__Exercise goal__:
Copy out, exactly and with nothing else, the stretch of lines that starts at the line containing "Provide a succinct answer. Yes." and finishes at the end of the data.

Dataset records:
*** Begin section ***

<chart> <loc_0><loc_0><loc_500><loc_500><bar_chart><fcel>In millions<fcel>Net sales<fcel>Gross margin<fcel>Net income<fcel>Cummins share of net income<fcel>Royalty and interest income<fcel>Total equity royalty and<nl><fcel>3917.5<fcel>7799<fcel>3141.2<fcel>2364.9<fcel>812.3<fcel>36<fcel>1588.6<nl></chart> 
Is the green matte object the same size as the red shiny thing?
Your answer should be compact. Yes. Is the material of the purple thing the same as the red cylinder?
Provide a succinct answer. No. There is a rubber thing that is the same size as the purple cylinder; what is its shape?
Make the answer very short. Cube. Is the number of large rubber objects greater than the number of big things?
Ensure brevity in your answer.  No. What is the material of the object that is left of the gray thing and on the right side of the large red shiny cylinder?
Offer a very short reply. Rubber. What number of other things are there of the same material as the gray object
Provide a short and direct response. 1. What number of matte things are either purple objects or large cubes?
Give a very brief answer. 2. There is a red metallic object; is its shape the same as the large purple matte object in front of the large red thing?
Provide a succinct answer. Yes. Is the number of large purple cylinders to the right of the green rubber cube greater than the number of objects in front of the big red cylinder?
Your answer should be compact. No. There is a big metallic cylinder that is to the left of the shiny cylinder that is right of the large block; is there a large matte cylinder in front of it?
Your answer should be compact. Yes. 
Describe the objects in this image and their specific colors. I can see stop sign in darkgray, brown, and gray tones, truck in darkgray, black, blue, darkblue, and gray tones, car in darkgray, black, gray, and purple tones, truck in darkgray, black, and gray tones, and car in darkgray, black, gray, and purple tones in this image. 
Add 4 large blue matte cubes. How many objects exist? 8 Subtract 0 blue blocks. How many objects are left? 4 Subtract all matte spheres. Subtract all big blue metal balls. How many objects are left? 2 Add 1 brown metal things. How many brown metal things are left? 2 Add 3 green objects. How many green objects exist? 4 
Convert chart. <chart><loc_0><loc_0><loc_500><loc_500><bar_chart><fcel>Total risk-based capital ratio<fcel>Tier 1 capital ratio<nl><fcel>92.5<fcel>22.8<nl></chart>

*** End section ***

__Result of the task__:
Provide a succinct answer. Yes. Is the number of large purple cylinders to the right of the green rubber cube greater than the number of objects in front of the big red cylinder?
Your answer should be compact. No. There is a big metallic cylinder that is to the left of the shiny cylinder that is right of the large block; is there a large matte cylinder in front of it?
Your answer should be compact. Yes. 
Describe the objects in this image and their specific colors. I can see stop sign in darkgray, brown, and gray tones, truck in darkgray, black, blue, darkblue, and gray tones, car in darkgray, black, gray, and purple tones, truck in darkgray, black, and gray tones, and car in darkgray, black, gray, and purple tones in this image. 
Add 4 large blue matte cubes. How many objects exist? 8 Subtract 0 blue blocks. How many objects are left? 4 Subtract all matte spheres. Subtract all big blue metal balls. How many objects are left? 2 Add 1 brown metal things. How many brown metal things are left? 2 Add 3 green objects. How many green objects exist? 4 
Convert chart. <chart><loc_0><loc_0><loc_500><loc_500><bar_chart><fcel>Total risk-based capital ratio<fcel>Tier 1 capital ratio<nl><fcel>92.5<fcel>22.8<nl></chart>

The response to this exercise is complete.